In occasione dei 25 anni dell’Istituto di Bioetica (ora anche Medical Humanities) dell’Università Cattolica di Roma, la mia intervista al direttore Antonio G. Spagnolo, pubblicata su Avvenire lo scorso 19 ottobre
«La medicina personalizzata rimanda a una bioetica capace di essere attenta ai bisogni del singolo paziente, con discernimento, in contrapposizione a quella che il Papa (nel recente discorso alla Pontificia Accademia per la Vita, Pav) definisce «egolatria », il culto dell’io. Una istituzione come l’Università Cattolica non può trascurare la necessità della formazione alla bioetica di tutti gli studenti dei suoi corsi di laurea di indirizzo medico-sanitario ». Antonio G. Spagnolo è il direttore dell’Istituto di Bioetica e Medical Humanities dell’Università Cattolica di Roma, che ha di recente celebrato i suoi 25 anni con un convegno di studi che ha posto al centro proprio la formazione bioetica in ambitosanitario.
Che significato ha avuto il vostro convegno?

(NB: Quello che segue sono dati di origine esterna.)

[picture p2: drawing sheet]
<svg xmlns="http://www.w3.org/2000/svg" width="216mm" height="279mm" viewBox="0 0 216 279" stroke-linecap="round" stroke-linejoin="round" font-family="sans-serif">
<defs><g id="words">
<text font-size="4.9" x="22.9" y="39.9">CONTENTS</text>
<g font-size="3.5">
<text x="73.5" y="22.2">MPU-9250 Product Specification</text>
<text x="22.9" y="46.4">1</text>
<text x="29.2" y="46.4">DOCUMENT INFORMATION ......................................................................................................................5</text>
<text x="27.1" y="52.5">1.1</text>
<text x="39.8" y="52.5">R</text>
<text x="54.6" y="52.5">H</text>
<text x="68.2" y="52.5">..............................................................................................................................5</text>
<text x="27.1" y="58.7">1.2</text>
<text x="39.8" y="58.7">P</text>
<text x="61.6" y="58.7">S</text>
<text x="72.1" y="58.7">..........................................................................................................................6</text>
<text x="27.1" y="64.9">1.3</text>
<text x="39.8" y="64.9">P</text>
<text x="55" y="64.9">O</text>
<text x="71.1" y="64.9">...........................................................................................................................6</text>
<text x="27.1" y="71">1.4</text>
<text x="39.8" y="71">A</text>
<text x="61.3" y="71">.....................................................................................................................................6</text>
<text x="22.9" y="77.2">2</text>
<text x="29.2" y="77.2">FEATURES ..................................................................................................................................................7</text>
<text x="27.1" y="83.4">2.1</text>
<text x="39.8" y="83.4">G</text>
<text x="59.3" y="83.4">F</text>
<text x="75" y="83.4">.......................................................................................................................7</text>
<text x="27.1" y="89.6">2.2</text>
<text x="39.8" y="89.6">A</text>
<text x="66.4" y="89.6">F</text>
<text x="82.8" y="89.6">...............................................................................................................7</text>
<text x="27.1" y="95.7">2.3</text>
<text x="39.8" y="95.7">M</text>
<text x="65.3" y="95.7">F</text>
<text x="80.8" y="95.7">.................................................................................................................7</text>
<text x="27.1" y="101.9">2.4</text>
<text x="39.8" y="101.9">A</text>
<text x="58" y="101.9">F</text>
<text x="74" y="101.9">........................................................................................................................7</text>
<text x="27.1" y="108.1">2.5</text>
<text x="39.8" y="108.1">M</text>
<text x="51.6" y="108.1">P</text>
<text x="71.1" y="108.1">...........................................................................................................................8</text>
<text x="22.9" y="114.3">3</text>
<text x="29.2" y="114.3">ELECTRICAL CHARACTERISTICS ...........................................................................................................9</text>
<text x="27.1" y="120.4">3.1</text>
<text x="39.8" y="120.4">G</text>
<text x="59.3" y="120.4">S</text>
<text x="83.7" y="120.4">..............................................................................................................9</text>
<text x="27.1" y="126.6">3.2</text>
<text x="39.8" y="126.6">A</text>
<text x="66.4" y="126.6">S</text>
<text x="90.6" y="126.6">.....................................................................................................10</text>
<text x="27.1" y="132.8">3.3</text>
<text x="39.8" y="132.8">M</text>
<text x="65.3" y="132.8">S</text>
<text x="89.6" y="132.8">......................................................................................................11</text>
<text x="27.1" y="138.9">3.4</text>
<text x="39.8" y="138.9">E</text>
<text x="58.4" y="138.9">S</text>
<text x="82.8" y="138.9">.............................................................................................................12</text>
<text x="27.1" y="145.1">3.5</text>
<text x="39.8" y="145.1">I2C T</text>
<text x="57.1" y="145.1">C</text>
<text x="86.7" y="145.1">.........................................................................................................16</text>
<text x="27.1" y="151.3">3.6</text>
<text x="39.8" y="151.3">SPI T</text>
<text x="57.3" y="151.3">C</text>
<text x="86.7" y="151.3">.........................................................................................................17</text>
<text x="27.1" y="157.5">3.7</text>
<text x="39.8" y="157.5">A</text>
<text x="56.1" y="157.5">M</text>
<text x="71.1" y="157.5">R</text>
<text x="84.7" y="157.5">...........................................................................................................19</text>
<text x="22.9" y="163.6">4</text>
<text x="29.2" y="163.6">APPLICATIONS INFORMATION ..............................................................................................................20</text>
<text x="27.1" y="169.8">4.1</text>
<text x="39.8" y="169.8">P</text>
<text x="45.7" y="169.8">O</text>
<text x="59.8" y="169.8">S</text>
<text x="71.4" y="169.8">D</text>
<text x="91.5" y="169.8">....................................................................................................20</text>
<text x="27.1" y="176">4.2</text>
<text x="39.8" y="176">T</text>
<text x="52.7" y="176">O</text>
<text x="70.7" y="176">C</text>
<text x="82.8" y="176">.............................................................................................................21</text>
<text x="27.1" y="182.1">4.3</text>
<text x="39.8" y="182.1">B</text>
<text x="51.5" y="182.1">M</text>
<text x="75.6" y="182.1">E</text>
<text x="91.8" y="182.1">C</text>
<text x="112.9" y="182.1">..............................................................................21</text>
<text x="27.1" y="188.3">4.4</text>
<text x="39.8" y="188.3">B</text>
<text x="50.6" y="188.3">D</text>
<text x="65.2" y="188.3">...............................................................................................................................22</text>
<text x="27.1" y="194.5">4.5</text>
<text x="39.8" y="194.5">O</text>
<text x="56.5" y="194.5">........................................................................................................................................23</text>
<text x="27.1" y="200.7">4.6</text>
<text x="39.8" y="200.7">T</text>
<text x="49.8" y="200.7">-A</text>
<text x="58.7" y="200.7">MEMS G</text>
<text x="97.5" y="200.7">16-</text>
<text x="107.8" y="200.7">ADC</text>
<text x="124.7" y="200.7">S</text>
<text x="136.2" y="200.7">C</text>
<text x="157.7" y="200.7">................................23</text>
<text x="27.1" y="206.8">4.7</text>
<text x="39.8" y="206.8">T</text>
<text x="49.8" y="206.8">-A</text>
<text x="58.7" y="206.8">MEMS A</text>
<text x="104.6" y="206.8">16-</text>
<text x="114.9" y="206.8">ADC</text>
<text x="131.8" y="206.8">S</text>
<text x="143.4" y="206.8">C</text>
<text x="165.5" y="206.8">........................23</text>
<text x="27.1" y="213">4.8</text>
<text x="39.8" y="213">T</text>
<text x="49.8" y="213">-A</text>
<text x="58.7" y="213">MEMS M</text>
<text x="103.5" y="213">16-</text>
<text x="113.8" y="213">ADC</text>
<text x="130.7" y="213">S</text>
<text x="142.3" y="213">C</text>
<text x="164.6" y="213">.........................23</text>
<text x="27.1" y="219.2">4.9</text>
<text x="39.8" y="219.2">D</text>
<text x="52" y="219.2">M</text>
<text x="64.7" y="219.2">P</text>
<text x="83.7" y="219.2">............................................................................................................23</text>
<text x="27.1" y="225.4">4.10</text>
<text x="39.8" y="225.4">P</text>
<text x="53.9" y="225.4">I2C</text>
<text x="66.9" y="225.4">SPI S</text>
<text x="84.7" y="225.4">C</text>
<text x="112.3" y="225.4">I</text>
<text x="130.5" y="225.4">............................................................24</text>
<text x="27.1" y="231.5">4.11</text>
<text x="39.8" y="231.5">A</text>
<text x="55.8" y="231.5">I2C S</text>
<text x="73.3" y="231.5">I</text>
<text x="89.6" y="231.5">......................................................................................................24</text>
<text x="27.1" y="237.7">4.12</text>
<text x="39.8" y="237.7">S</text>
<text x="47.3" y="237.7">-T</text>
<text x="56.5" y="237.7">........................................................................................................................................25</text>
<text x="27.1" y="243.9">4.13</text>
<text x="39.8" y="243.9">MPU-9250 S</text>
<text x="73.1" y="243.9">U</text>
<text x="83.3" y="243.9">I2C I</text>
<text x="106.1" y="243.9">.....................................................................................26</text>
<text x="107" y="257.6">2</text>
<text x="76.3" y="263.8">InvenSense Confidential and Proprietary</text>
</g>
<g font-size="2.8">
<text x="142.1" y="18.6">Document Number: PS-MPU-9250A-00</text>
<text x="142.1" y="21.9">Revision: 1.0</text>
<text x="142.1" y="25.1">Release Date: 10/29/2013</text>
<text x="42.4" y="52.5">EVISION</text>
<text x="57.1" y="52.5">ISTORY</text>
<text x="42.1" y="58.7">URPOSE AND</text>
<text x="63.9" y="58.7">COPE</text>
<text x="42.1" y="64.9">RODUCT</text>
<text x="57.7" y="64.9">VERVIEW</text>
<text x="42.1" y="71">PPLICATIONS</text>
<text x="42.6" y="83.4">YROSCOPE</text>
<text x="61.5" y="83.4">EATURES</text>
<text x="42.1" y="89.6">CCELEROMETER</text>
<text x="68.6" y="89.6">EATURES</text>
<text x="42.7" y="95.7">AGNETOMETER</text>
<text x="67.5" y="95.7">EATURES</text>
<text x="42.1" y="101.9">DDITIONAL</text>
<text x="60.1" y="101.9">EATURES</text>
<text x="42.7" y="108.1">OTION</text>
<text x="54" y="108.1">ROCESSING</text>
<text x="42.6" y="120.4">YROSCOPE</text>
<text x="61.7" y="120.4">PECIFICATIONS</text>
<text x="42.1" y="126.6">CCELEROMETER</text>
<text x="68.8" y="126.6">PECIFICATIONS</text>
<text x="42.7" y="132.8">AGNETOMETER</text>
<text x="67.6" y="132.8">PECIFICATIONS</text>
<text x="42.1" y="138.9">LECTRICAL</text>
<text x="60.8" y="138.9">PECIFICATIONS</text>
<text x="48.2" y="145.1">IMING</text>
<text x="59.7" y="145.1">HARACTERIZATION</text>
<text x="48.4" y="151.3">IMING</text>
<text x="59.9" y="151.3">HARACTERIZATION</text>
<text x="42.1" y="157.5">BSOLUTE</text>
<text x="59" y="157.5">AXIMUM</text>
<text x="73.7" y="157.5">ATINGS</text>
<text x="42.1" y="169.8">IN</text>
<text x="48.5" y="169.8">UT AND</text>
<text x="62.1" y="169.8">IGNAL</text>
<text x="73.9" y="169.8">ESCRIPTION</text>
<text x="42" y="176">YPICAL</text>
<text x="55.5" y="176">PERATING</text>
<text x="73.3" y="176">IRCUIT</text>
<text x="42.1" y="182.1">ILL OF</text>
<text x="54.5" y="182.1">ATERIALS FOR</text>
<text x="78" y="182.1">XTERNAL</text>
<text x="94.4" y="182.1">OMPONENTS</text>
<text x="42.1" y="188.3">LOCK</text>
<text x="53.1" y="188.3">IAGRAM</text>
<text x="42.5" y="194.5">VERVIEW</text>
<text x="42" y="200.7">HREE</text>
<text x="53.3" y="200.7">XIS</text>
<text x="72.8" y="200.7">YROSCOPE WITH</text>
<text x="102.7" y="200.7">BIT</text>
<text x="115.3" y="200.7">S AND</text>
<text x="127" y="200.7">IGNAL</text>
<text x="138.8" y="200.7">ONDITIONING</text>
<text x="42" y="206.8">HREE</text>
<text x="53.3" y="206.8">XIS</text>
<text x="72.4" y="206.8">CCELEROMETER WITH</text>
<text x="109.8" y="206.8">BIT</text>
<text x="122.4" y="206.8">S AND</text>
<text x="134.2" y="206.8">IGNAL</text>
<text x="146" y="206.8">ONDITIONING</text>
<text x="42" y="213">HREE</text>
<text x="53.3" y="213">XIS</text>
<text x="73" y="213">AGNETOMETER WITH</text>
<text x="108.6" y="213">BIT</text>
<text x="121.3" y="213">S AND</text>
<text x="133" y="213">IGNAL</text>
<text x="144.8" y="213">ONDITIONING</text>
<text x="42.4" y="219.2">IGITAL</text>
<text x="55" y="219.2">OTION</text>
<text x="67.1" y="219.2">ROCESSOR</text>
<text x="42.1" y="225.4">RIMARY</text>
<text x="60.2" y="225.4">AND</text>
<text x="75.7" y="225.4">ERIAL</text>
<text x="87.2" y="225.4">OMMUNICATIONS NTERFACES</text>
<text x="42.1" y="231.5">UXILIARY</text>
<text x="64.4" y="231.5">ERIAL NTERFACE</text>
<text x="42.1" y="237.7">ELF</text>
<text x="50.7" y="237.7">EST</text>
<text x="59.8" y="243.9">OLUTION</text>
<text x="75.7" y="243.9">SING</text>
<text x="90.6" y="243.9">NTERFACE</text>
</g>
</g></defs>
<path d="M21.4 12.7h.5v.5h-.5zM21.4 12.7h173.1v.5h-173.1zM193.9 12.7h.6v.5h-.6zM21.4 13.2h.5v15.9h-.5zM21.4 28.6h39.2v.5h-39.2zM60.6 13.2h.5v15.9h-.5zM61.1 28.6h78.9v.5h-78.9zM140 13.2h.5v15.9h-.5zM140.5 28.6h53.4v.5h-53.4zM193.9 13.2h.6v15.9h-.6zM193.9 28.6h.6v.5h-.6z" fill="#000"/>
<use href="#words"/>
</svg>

È stata l’occasione per ripercorrere la storia dell’introduzione della bioetica nell’insegnamento universitario della Cattolica. Fin dal 1985 esisteva il Centro di Bioetica fondato dal cardinale Elio Sgreccia, ma solo nel 1992 – con un decreto rettorale – è stato introdotto l’Istituto di Bioetica. Sgreccia è stato il primo direttore e il primo professore ordinario di Bioetica: intorno a lui è cresciuta la nostra «scuola». L’aspetto formativo resta uno dei nostri compiti principali, assieme alla ricerca e all’assistenza con le consulenze etiche al letto dei pazienti. Oltre all’aspetto storico (è stato interessante rivedere ex alunni ora punti di riferimento di centri di bioetica nel mondo, e anche sacerdoti ora vescovi), abbiamo sottolineato l’importanza di formare in bioetica i professionisti sanitari in diversi ambiti.
Quali in particolare?
Abbiamo tenuto presenti le tre aree principali in cui è inserita la bioetica a livello sanitario: la medicina legale, la filosofia del diritto e le medical humanities (inclusa la storia della medicina), a cui è stata «allargata » la nostra stessa denominazione. Infatti l’Istituto stava iniziando a muoversi nella direzione di educare gli studenti nelle scienze umane, nell’antropologia, nella storia della medicina e nella medicina narrativa. Abbiamo voluto mettere in evidenza questi aspetti nell’Istituto anche per sottolinearne la specificità rispetto al Centro di Ateneo di Bioetica che si occupa di temi più fondativi.
Quale messaggio trae un Istituto universitario dal recente discorso del Papa alla Pav?
Papa Francesco ha affidato agli accademici della Pav una sorta di compito perché affrontino alcune emergenze, quali il materialismo tecnocratico, la ricomposizione della frattura tra le generazioni, la manipolazione della differenza sessuale. La politica sembra dare poco spazio alla bioetica: in Italia il Comitato nazionale per la bioetica è scaduto ma non sembra esserci interesse a rinnovarlo, e negli Stati Uniti, Donald Trump non ha più rinominato la commissione presidenziale di bioetica. Con lo stile puntato sul dialogo, il Papa parla della necessità di riportare «una più autentica sapienza della vita all’attenzione dei popoli». Sulla differenza sessuale sta emergendo dalla ricerca clinica e dalle neuroscienze una diversità di substrato tra l’essere maschio e femmina, un’oggettività di natura che non può essere ignorata. In questo senso va inteso il nuovo Centro di ricerca istituito nell’Università Cattolica, che si occupa di medicina di genere, cioè della necessità di impostare le cure sulle differenze di genere.
Servirà anche nella formazione?
Certo, quest’anno abbiamo previsto per la prima volta un corso in bioetica indirizzato a tutte le professioni di cura: non solo medici ma anche infermieri, fisioterapisti, riabilitatori… Il corso si svolgerà in cinque fine settimana tra febbraio e giugno 2018 (le iscrizioni si chiudono il 2 febbraio). È importante una formazione che mostri l’unicità della persona come soggetto di assistenza, ricerca e didattica. In un ospedale universitario è allo stesso tempo normale e doveroso.